To enable the driver to perform in-vehicle tasks without looking at the interface, we designed an in-air gesture interaction interface that assumes the driver is familiar with the gestures of various system operations, and the system’s gesture recognition accuracy is high. However, during our research, we found that even if the driver is familiar with our IVIS and the gestures, they still need to check the screen, especially to view the image display of the smartphone’s front camera to ensure their gestures are recognized within the camera’s recognition area. Therefore, we added the image display part of the front camera to all three interfaces of the touch interface we designed previously.

To further reduce the system’s interference with the driver, we included a visual feedback method that displays the task icon in a pop-up window upon completion of the operation.

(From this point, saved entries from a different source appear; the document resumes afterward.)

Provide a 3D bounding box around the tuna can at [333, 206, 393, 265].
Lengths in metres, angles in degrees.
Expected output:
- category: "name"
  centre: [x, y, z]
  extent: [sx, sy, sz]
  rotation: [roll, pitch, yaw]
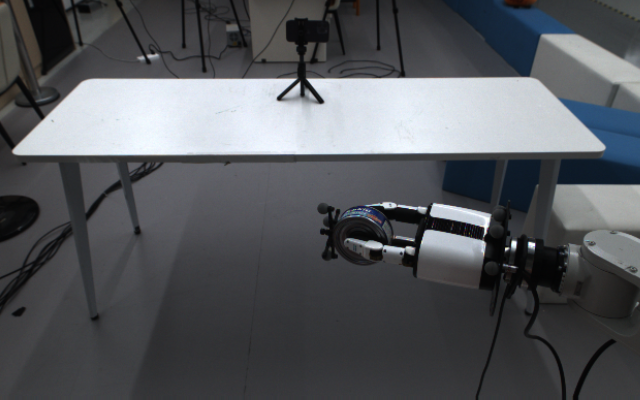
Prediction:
- category: "tuna can"
  centre: [0.065, 0.055, 0.709]
  extent: [0.085, 0.085, 0.034]
  rotation: [12, 28, 14]
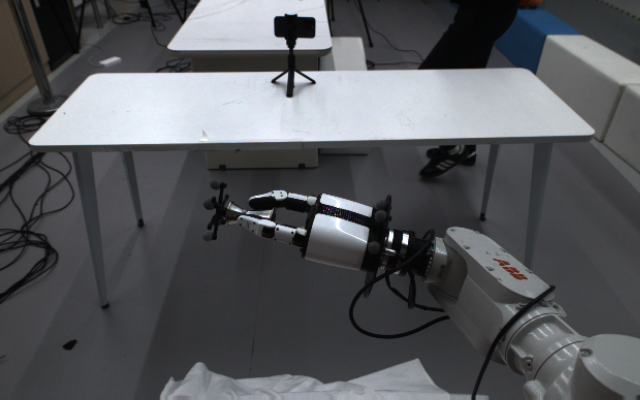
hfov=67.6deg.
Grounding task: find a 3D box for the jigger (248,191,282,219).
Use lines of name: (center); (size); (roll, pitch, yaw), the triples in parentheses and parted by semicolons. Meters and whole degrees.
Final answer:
jigger: (-0.098, 0.024, 0.738); (0.071, 0.043, 0.043); (10, 35, 2)

Additionally, we incorporated acoustic feedback for each operation task in the form of recorded prompts, which are played after the correct performance of the operation task, to minimize the number of times the driver needs to look at the screen. Acoustic feedback has been demonstrated to be an effective method in reducing the driver’s distraction in previous work [41].

3.4. Experiment Design

In this section, we will describe the various variables that were set corresponding to the environment in the two user studies. For the study focused on determining the most suitable in-air gesture for system interaction, the variables included the position of the gesture recognition camera and the gestures used in our IVIS. In the study comparing in-air gesture and traditional touch interaction, the experimental variable was mainly the mode of interaction. Therefore, in these two user studies, cameras were installed in the center panel and the rear console for comparative experiments, and the interface was designed for the two interaction methods.

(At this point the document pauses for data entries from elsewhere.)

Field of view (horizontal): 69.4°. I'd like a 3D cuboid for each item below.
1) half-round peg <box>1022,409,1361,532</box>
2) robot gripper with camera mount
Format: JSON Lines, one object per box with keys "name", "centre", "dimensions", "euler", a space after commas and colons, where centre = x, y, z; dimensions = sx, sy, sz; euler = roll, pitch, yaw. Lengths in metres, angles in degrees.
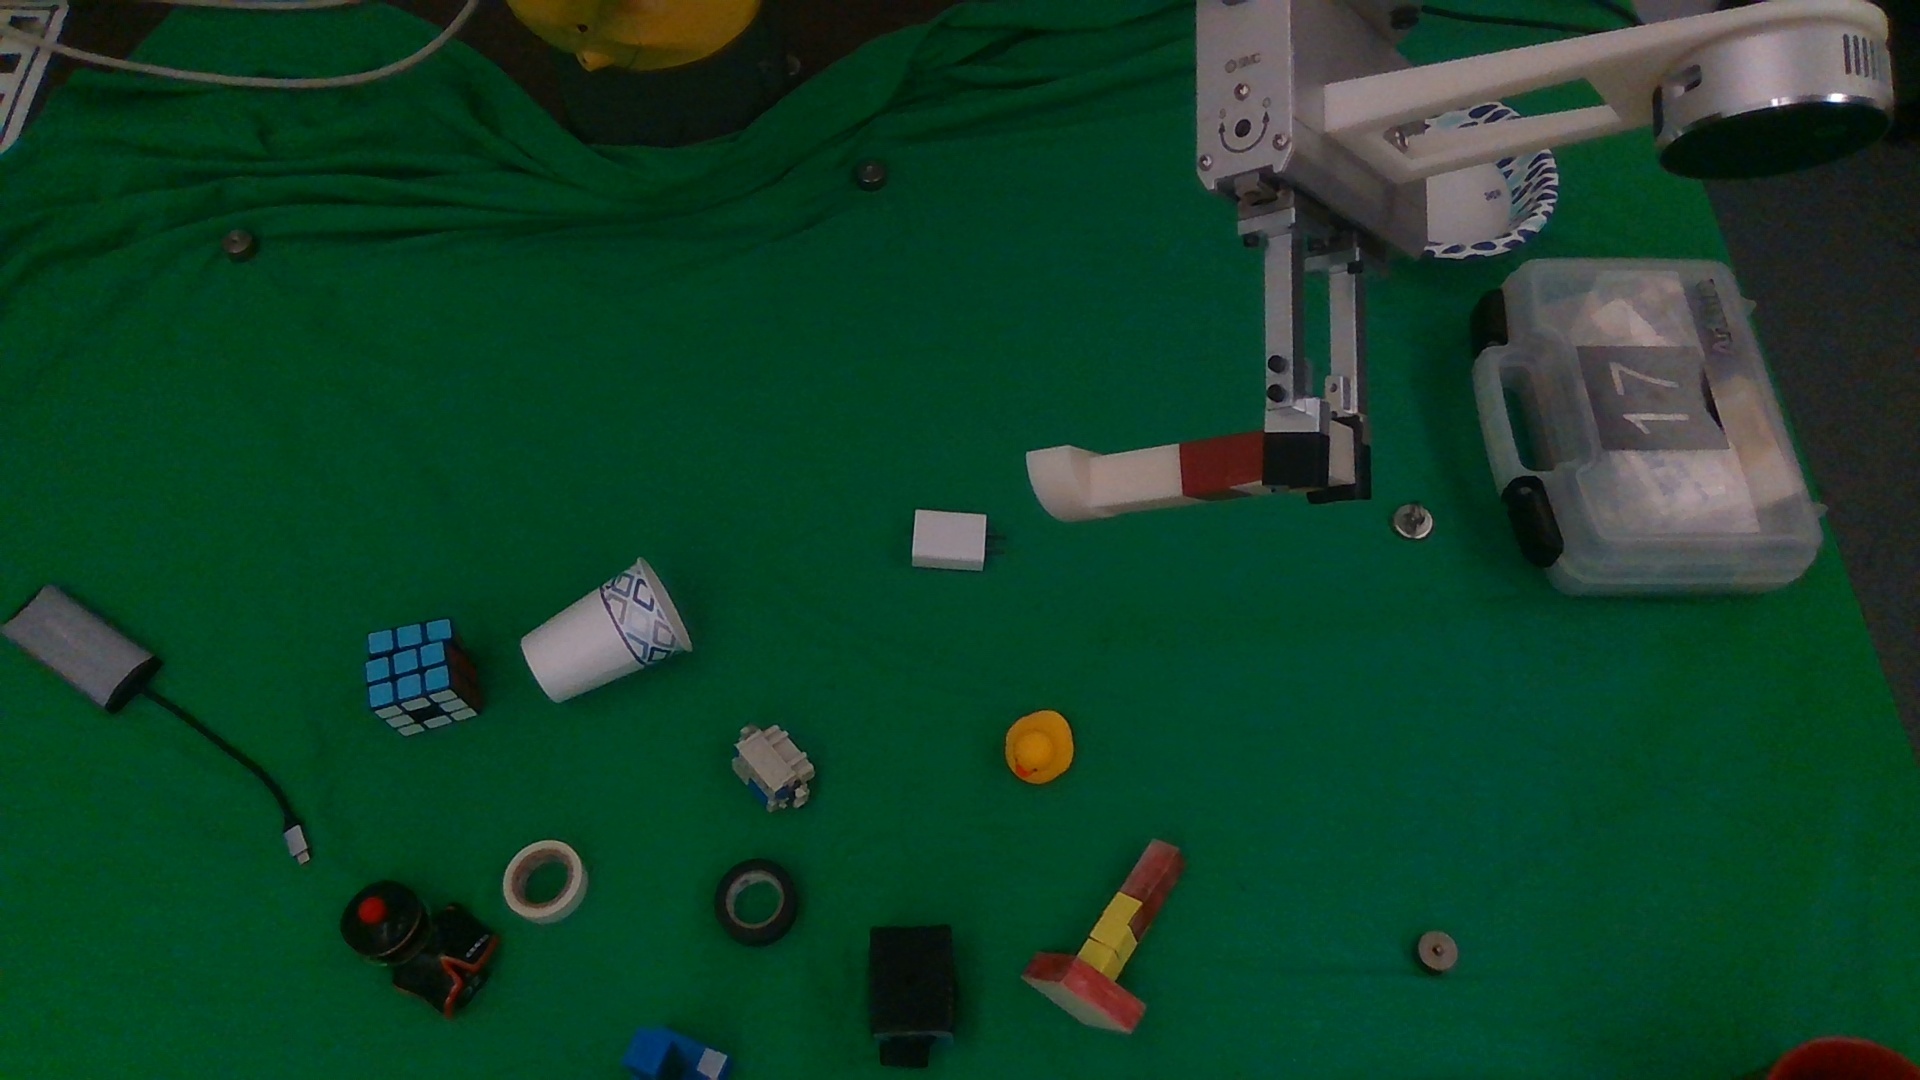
{"name": "half-round peg", "centre": [0.086, -0.026, 0.513], "dimensions": [0.122, 0.054, 0.031], "euler": [-10, 82, 38]}
{"name": "robot gripper with camera mount", "centre": [0.184, -0.100, 0.442], "dimensions": [0.194, 0.118, 0.158], "euler": [-7, 80, 40]}

3.4.1. Experimental Environment Preparation

Participants

We recruited 20 participants for this study, all of whom were eligible drivers with an average age of 23 and an average driving experience of 4 years. Among the participants, 4 were left-handed (20%) and 8 were female (40%). We also recruited an additional control group of 4 participants (2 males and 2 females) to evaluate their driving performance in the simulated environment.

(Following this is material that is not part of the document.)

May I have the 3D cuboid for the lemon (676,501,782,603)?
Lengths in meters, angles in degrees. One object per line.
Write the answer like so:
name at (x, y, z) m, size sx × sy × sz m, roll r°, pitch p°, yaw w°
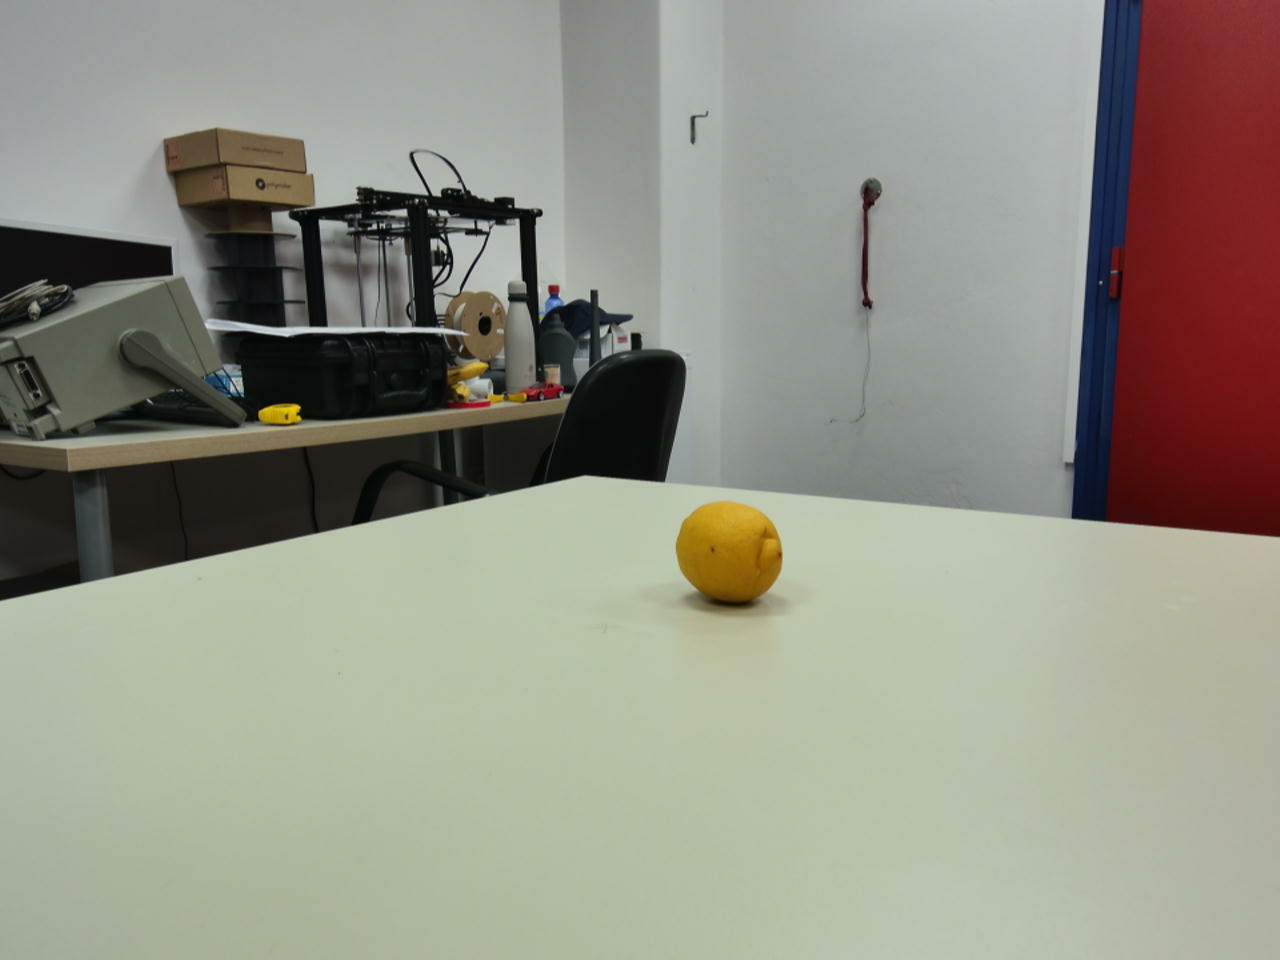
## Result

Driving Simulation Environment

To simulate the driving environment, we constructed a driving simulation environment in the laboratory using hardware devices and displays [37,42]. Our driving simulator included a steering wheel, gears, brakes, accelerator, and clutch. A 55-inch LCD screen was used to display the simulated road environment (see Figure 9), which was obtained from a driving simulator and featured an urban arterial road with less traffic and straight roads. The speed was set to a constant 60 Km/h. We used a 6.5-inch Android smartphone as the IVIS system in the simulated environment, placed on the right side of the steering wheel and in front of the AT change lever to simulate the positions of the rear console and the center panel in a car (see Figure 9).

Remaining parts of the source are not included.